We’re not talking sliced prime rib on a brioche bun or deboned pork pressed into a patty, and certainly nothing with a “Mc” in its name. In many parts of the South, a rib sandwich is exactly what it sounds like: a small slab of pork ribs placed bones and all between two slices of plain white bread and slathered with tangy sauce.

St. Louis and Memphis seem to be the twin capitals of rib sandwiches, for the sloppy delights appear on barbecue menus all around each city. At C&K Barbecue in St. Louis, there are two sandwich options: rib tips or the city’s eponymous St. Louis style ribs, and both are piled on white bread and soaked down with the restaurant’s sweet and spicy red sauce.

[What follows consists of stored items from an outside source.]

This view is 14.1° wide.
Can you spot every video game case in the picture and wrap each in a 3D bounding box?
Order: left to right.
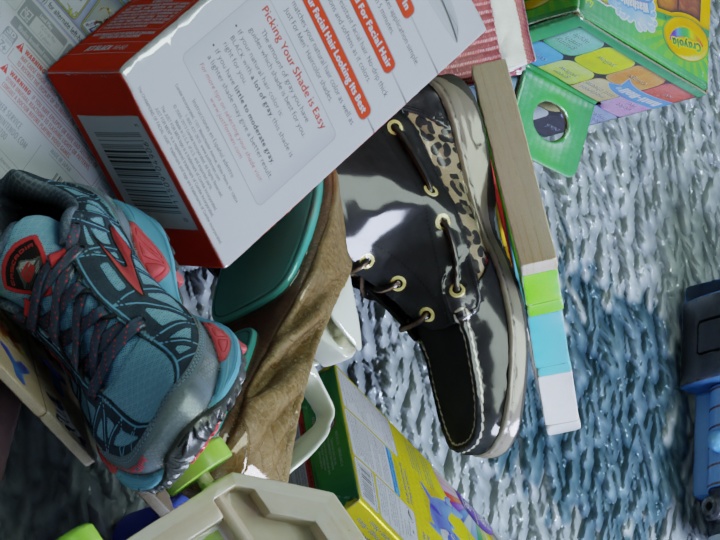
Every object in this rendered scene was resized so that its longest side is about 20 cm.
[{"bbox_3d":[-0.136,-0.117,1.350,0.200,0.045,0.182,49,63,-33],"label":"video game case"}]

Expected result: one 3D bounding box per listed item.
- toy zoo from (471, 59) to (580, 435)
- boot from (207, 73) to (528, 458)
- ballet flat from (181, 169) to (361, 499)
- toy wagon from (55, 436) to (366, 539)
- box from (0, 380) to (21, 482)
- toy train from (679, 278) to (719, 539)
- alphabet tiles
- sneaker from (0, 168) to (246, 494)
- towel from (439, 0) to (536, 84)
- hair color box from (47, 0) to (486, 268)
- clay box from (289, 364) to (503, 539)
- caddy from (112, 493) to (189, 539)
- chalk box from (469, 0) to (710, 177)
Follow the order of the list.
[{"bbox_3d":[0.091,-0.002,1.564,0.200,0.020,0.132,76,2,-56],"label":"toy zoo"},{"bbox_3d":[0.000,0.000,1.464,0.150,0.073,0.201,-3,81,-29],"label":"boot"},{"bbox_3d":[-0.035,0.038,1.352,0.072,0.068,0.200,44,40,-27],"label":"ballet flat"},{"bbox_3d":[-0.076,0.172,1.225,0.200,0.040,0.155,-33,83,-20],"label":"toy wagon"},{"bbox_3d":[-0.215,0.110,1.208,0.100,0.075,0.201,37,55,-38],"label":"box"},{"bbox_3d":[0.250,0.099,1.765,0.114,0.087,0.201,19,67,-36],"label":"toy train"},{"bbox_3d":[-0.150,0.023,1.280,0.200,0.008,0.167,49,7,-29],"label":"alphabet tiles"},{"bbox_3d":[-0.119,0.022,1.236,0.095,0.200,0.079,32,101,-32],"label":"sneaker"},{"bbox_3d":[-0.008,-0.160,1.521,0.199,0.023,0.145,-10,87,-30],"label":"towel"},{"bbox_3d":[-0.041,-0.104,1.366,0.200,0.064,0.111,-42,119,-30],"label":"hair color box"},{"bbox_3d":[0.034,0.151,1.478,0.200,0.048,0.115,49,16,-30],"label":"clay box"},{"bbox_3d":[-0.056,0.192,1.346,0.141,0.105,0.200,-47,115,-47],"label":"caddy"},{"bbox_3d":[0.116,-0.156,1.641,0.125,0.124,0.201,24,62,-43],"label":"chalk box"}]

You can get a rib tip sandwich at SmokiO’s, too, or, if you are so inclined, order a combo rib tip and pig snoot sandwich—a creation unique to St. Louis. Adrian Miller, author of Soul Food: The Surprising Story of an American Cuisine and the forthcoming Black Smoke: African American Adventures in Barbecue, has been trying to confirm reports that some St. Louis joints top their rib sandwiches with potato salad, which sounds delicious to me. So far he’s come up dry, but if anyone out there knows where one can find that variant please give me a shout.

Rib sandwiches are even more prevalent in Memphis, with A&R Barbecue, Payne’s, Jim Neely’s Interstate Barbecue and the Tops chain among the many spots where they can be found, and many are topped with the city’s signature yellow coleslaw. At other Memphis joints, like Cozy Corner, there isn’t an explicit rib sandwich on the menu, but each order of two, four, or six bones of ribs come with slices of white bread on the side, so you certainly make your own.

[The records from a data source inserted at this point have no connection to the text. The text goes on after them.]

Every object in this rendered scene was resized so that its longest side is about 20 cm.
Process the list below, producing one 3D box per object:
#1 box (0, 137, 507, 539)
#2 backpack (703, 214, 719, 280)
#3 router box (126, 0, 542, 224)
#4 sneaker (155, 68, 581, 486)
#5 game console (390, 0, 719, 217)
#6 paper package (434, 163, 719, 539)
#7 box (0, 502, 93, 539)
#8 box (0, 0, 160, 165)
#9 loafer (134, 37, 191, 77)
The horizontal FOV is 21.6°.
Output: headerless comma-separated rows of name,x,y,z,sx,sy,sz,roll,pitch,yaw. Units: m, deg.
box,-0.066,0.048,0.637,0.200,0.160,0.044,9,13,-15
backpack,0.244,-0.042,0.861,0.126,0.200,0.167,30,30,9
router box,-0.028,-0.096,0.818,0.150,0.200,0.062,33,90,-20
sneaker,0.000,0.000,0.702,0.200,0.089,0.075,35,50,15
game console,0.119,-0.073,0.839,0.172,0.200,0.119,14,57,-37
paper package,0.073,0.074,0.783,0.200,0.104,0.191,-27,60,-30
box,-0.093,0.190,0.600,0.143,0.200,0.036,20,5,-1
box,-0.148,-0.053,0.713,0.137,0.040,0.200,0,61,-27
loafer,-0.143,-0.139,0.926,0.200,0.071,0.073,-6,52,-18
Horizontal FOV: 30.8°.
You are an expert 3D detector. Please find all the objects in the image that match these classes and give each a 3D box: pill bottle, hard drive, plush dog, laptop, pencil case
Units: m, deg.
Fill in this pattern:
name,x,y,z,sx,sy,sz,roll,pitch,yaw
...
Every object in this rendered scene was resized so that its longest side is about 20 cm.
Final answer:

Perhaps my favorite rib sandwich of all can be found an hour east out of Memphis at Helen’s Bar BQ in Brownsville. Instead of white bread, this one comes on a hamburger bun, and as you gnaw around the bones you get a big hit of wood smoke and a dose of fiery heat from Helen’s secret-recipe hot sauce.

Robert Moss
Robert Moss

There is no tidy way to eat a rib sandwich, so don’t even try. If you pick the whole thing up and take a bite, you’re likely to chip a tooth or send half of the ribs shooting out the back. It’s better to just get in there with your fingers. Tear off a corner of the top slice of bread and use it to slip a little meat off the bone, fold it into a tasty little morsel, and pop it in your mouth. The bottom slice can be used at the end to mop up all the remaining sauce and scraps of meat.

I have long suspected that the rib sandwich originated as a collusion between stain treatment manufacturers and the National Association of Dry Cleaners, but I’ve not been able to substantiate that.

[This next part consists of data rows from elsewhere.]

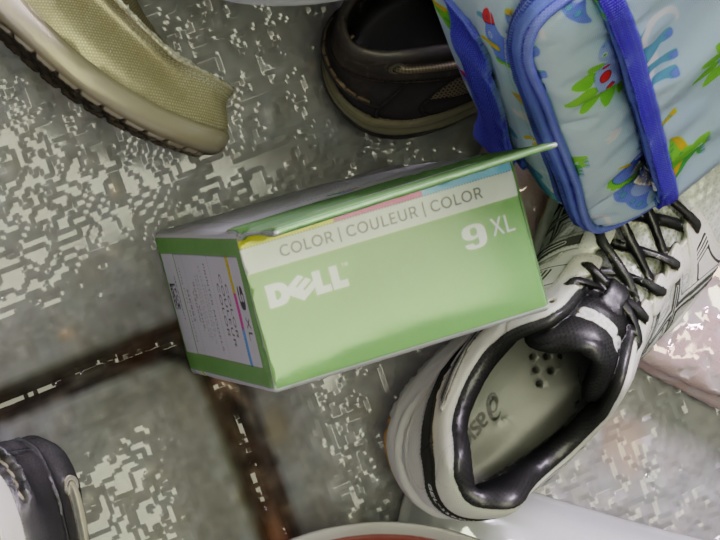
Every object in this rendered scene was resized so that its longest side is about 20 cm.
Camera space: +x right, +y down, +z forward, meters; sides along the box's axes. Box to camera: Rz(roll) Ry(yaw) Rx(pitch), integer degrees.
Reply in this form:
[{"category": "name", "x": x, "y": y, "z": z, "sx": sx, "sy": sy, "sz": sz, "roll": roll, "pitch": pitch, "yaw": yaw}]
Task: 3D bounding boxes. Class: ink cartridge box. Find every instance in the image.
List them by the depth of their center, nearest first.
[{"category": "ink cartridge box", "x": 0.000, "y": 0.000, "z": 0.975, "sx": 0.103, "sy": 0.200, "sz": 0.060, "roll": -16, "pitch": 94, "yaw": -15}]

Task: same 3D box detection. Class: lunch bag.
[{"category": "lunch bag", "x": 0.104, "y": -0.102, "z": 0.935, "sx": 0.160, "sy": 0.200, "sz": 0.083, "roll": -36, "pitch": 66, "yaw": -4}]

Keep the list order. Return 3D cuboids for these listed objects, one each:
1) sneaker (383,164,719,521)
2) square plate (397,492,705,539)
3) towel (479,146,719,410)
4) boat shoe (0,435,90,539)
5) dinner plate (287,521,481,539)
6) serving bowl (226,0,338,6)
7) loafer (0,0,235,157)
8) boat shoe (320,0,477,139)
[{"category": "sneaker", "x": 0.091, "y": 0.015, "z": 1.032, "sx": 0.075, "sy": 0.088, "sz": 0.201, "roll": 35, "pitch": 87, "yaw": -11}, {"category": "square plate", "x": 0.089, "y": 0.196, "z": 1.089, "sx": 0.197, "sy": 0.028, "sz": 0.202, "roll": 16, "pitch": 85, "yaw": -16}, {"category": "towel", "x": 0.152, "y": -0.051, "z": 1.107, "sx": 0.190, "sy": 0.032, "sz": 0.201, "roll": 28, "pitch": 81, "yaw": -14}, {"category": "boat shoe", "x": -0.126, "y": 0.160, "z": 1.010, "sx": 0.060, "sy": 0.073, "sz": 0.202, "roll": -17, "pitch": 103, "yaw": -53}, {"category": "dinner plate", "x": 0.010, "y": 0.196, "z": 1.043, "sx": 0.198, "sy": 0.024, "sz": 0.202, "roll": -1, "pitch": 84, "yaw": 7}, {"category": "serving bowl", "x": 0.004, "y": -0.148, "z": 0.993, "sx": 0.199, "sy": 0.200, "sz": 0.066, "roll": -28, "pitch": 120, "yaw": -14}, {"category": "loafer", "x": -0.118, "y": -0.118, "z": 1.008, "sx": 0.200, "sy": 0.076, "sz": 0.068, "roll": 39, "pitch": 86, "yaw": -11}, {"category": "boat shoe", "x": 0.077, "y": -0.112, "z": 1.041, "sx": 0.199, "sy": 0.073, "sz": 0.075, "roll": -29, "pitch": 78, "yaw": -2}]

Instead, it may have originated as a practical joke. The first written reference I’ve found appeared in the St. Louis Post-Dispatch in 1896. It relates a prank played against one Dr. Thompson, a physician at the St. Louis Dispensary, who found in his lunch pail a tempting looking sandwich and took a bite. “There was a sound as of crunching bone,” the Post-Dispatchreported, “a yell of pain, followed by anathemas hurled at the head of the idiot who had so little sense as to make a spare-rib sandwich and not label it with a warning to look out for the bone.”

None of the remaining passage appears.